**Exercise description:**
An exact copy of every entry is required, without the pictures.

**Recorded data:**
'''

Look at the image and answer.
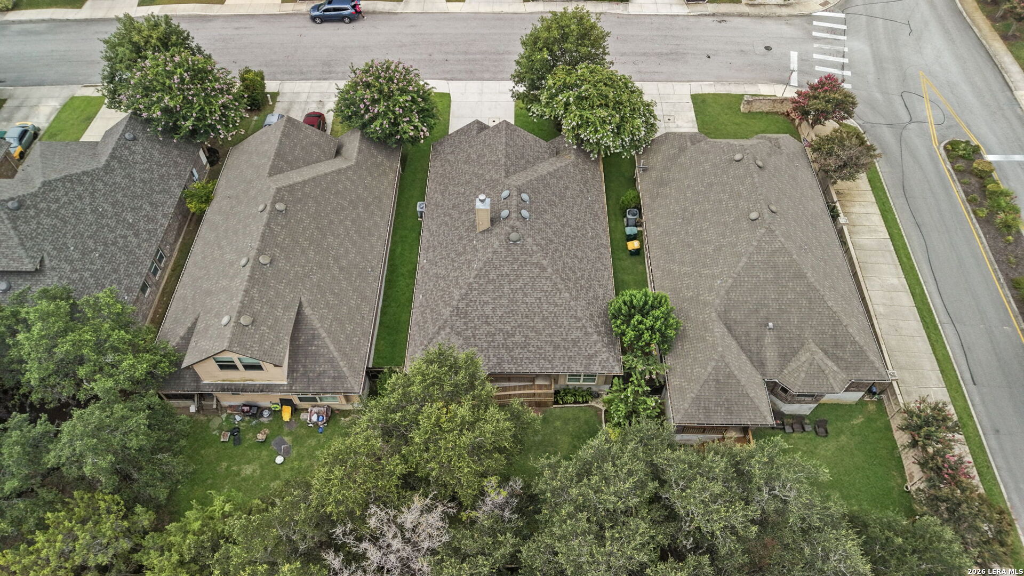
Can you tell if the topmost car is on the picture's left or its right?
left
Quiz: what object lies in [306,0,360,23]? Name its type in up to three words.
car

'''

**Answer for this exercise:**
Look at the image and answer.
Can you tell if the topmost car is on the picture's left or its right?
left
Quiz: what object lies in [306,0,360,23]? Name its type in up to three words.
car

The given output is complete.